Closer technical integration will be offered to "elite" partners who resell or repackage HP's "business service management" applications.

As expected, the company announced the plan at the HP Software Forum customer conference being held in Montreal this week.

The new "elite" designation is aimed at third-party software companies that want to create a close coupling between their own products and HP's OpenView management suite, said Todd DeLaughter, vice president and general manager of HP's management software organization.

To ease integration with OpenView, HP intends to eventually offer partners a package of software tools based on its acquisition of Talking Blocks, DeLaughter said. The software, which is being tested right now, uses a services oriented architecture design to share information between HP's OpenView suite and other software programs.

HP's partner outreach echoes similar moves by competitors such as IBM, Computer Associates International and BMC Software, noted Richard Ptak, an analyst at research company Ptak, Noel and Associates.

"With margins getting squeezed and hardware and software getting commoditized, everyone is focusing on lowering cost," Ptak said. "Channel partners provide a long-term revenue stream, like an annuity."

At the customer conference, HP executives also plan to detail products designed to help corporate technology departments get a better understanding of the costs associated with their tech infrastructure.

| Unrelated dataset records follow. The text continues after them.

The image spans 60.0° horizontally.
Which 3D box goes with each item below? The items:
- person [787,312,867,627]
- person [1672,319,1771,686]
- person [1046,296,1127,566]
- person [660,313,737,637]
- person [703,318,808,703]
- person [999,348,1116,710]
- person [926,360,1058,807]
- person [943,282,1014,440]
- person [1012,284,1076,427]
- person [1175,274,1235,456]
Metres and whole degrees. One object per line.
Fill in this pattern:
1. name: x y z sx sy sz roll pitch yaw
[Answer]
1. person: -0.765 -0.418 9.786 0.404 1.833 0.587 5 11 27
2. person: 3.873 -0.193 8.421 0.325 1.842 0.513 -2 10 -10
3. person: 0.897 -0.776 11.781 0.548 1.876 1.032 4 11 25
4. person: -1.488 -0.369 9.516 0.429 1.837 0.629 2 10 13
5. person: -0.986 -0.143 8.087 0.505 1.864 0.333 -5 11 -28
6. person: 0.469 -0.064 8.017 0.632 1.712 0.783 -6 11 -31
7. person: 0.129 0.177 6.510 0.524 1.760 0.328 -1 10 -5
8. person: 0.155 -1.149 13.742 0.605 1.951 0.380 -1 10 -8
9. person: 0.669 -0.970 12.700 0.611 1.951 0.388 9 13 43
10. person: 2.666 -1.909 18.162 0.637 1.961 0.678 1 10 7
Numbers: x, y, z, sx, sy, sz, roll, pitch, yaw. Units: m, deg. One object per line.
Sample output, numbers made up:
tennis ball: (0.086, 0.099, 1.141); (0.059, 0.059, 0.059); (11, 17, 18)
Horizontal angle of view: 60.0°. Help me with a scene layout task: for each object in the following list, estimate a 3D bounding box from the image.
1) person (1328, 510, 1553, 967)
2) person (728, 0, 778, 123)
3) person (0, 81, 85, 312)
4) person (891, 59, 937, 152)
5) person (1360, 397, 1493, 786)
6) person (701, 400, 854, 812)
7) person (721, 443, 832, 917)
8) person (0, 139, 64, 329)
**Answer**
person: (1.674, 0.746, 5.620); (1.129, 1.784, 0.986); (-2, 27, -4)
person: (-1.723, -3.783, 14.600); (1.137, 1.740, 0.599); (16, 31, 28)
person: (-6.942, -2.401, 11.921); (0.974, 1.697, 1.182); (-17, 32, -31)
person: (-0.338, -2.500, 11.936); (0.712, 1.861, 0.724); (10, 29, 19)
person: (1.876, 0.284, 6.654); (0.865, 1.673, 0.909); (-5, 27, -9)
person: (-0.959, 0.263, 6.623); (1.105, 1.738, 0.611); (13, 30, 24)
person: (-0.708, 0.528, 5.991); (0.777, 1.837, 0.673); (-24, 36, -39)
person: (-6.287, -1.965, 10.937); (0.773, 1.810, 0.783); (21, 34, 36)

HP has developed a visual tool called Business Process Insight, which helps administrators analyze a company's systems in the context of the business processes they support. For example, the program will let IT professionals calculate the cost of running the servers, storage and software needed to deliver a particular business application, DeLaughter said.

Another new product, which will ship as part of the OpenView Network Node Manager application, is designed to more quickly locate the cause of errors in networks.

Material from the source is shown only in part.